# What the task requires
Print the records below exactly; all of them are needed.

++++ Record excerpts

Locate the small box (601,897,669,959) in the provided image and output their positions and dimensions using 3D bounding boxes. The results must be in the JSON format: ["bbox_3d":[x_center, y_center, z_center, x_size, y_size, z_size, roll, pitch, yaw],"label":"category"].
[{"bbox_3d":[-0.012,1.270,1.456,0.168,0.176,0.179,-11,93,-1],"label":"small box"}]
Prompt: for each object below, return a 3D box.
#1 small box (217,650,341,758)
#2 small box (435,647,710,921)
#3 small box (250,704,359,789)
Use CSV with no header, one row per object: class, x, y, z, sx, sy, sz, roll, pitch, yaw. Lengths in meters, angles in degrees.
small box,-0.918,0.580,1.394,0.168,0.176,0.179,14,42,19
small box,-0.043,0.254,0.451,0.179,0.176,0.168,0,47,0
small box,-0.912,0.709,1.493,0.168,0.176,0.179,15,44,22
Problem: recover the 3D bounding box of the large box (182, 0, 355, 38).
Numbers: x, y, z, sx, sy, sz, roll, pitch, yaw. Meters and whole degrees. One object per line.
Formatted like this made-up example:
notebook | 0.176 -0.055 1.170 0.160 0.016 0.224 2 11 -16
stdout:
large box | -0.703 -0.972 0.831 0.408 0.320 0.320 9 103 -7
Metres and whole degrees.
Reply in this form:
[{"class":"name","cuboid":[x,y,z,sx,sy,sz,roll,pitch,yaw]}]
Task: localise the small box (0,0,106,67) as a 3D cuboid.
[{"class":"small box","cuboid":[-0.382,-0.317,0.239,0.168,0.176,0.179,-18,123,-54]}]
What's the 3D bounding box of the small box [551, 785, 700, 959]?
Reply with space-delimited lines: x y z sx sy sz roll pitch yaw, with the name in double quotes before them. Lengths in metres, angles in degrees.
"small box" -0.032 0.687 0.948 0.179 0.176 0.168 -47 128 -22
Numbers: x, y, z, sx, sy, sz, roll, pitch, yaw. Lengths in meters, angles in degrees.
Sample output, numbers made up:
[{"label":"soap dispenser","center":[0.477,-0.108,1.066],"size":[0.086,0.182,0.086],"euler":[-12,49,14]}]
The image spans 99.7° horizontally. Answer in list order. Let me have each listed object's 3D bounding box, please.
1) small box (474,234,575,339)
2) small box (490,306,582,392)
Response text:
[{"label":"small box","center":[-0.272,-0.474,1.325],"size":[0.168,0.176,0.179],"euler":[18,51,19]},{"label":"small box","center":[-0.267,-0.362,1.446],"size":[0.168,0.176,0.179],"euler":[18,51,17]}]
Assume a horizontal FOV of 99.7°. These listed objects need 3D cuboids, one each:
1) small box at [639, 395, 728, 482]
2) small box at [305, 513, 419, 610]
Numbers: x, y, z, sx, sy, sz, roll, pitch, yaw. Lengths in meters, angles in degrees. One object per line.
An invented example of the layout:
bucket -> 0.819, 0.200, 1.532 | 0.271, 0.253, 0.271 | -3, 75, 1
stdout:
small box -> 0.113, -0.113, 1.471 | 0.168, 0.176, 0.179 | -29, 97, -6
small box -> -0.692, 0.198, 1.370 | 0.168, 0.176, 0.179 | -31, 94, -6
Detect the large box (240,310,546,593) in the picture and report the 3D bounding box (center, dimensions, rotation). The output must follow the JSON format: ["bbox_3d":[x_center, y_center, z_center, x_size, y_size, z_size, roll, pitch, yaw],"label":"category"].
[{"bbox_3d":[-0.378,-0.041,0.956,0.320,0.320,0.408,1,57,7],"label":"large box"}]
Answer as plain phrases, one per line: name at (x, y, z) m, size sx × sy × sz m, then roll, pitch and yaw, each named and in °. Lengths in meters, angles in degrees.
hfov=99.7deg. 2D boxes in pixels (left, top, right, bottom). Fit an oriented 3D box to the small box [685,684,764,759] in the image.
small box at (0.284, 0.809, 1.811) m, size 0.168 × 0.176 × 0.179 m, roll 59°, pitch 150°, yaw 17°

++++++++

# Output of the exercise
Locate the small box (601,897,669,959) in the provided image and output their positions and dimensions using 3D bounding boxes. The results must be in the JSON format: ["bbox_3d":[x_center, y_center, z_center, x_size, y_size, z_size, roll, pitch, yaw],"label":"category"].
[{"bbox_3d":[-0.012,1.270,1.456,0.168,0.176,0.179,-11,93,-1],"label":"small box"}]
Prompt: for each object below, return a 3D box.
#1 small box (217,650,341,758)
#2 small box (435,647,710,921)
#3 small box (250,704,359,789)
Use CSV with no header, one row per object: class, x, y, z, sx, sy, sz, roll, pitch, yaw. Lengths in meters, angles in degrees.
small box,-0.918,0.580,1.394,0.168,0.176,0.179,14,42,19
small box,-0.043,0.254,0.451,0.179,0.176,0.168,0,47,0
small box,-0.912,0.709,1.493,0.168,0.176,0.179,15,44,22
Problem: recover the 3D bounding box of the large box (182, 0, 355, 38).
Numbers: x, y, z, sx, sy, sz, roll, pitch, yaw. Meters and whole degrees. One object per line.
Formatted like this made-up example:
notebook | 0.176 -0.055 1.170 0.160 0.016 0.224 2 11 -16
stdout:
large box | -0.703 -0.972 0.831 0.408 0.320 0.320 9 103 -7
Metres and whole degrees.
Reply in this form:
[{"class":"name","cuboid":[x,y,z,sx,sy,sz,roll,pitch,yaw]}]
Task: localise the small box (0,0,106,67) as a 3D cuboid.
[{"class":"small box","cuboid":[-0.382,-0.317,0.239,0.168,0.176,0.179,-18,123,-54]}]
What's the 3D bounding box of the small box [551, 785, 700, 959]?
Reply with space-delimited lines: x y z sx sy sz roll pitch yaw, with the name in double quotes before them. Lengths in metres, angles in degrees.
"small box" -0.032 0.687 0.948 0.179 0.176 0.168 -47 128 -22
Numbers: x, y, z, sx, sy, sz, roll, pitch, yaw. Lengths in meters, angles in degrees.
Sample output, numbers made up:
[{"label":"soap dispenser","center":[0.477,-0.108,1.066],"size":[0.086,0.182,0.086],"euler":[-12,49,14]}]
The image spans 99.7° horizontally. Answer in list order. Let me have each listed object's 3D bounding box, please.
1) small box (474,234,575,339)
2) small box (490,306,582,392)
Response text:
[{"label":"small box","center":[-0.272,-0.474,1.325],"size":[0.168,0.176,0.179],"euler":[18,51,19]},{"label":"small box","center":[-0.267,-0.362,1.446],"size":[0.168,0.176,0.179],"euler":[18,51,17]}]
Assume a horizontal FOV of 99.7°. These listed objects need 3D cuboids, one each:
1) small box at [639, 395, 728, 482]
2) small box at [305, 513, 419, 610]
Numbers: x, y, z, sx, sy, sz, roll, pitch, yaw. Lengths in meters, angles in degrees. One object per line.
An invented example of the layout:
bucket -> 0.819, 0.200, 1.532 | 0.271, 0.253, 0.271 | -3, 75, 1
stdout:
small box -> 0.113, -0.113, 1.471 | 0.168, 0.176, 0.179 | -29, 97, -6
small box -> -0.692, 0.198, 1.370 | 0.168, 0.176, 0.179 | -31, 94, -6
Detect the large box (240,310,546,593) in the picture and report the 3D bounding box (center, dimensions, rotation). The output must follow the JSON format: ["bbox_3d":[x_center, y_center, z_center, x_size, y_size, z_size, roll, pitch, yaw],"label":"category"].
[{"bbox_3d":[-0.378,-0.041,0.956,0.320,0.320,0.408,1,57,7],"label":"large box"}]
Answer as plain phrases, one per line: name at (x, y, z) m, size sx × sy × sz m, then roll, pitch and yaw, each named and in °. Lengths in meters, angles in degrees.
hfov=99.7deg. 2D boxes in pixels (left, top, right, bottom). Fit an oriented 3D box to the small box [685,684,764,759] in the image.
small box at (0.284, 0.809, 1.811) m, size 0.168 × 0.176 × 0.179 m, roll 59°, pitch 150°, yaw 17°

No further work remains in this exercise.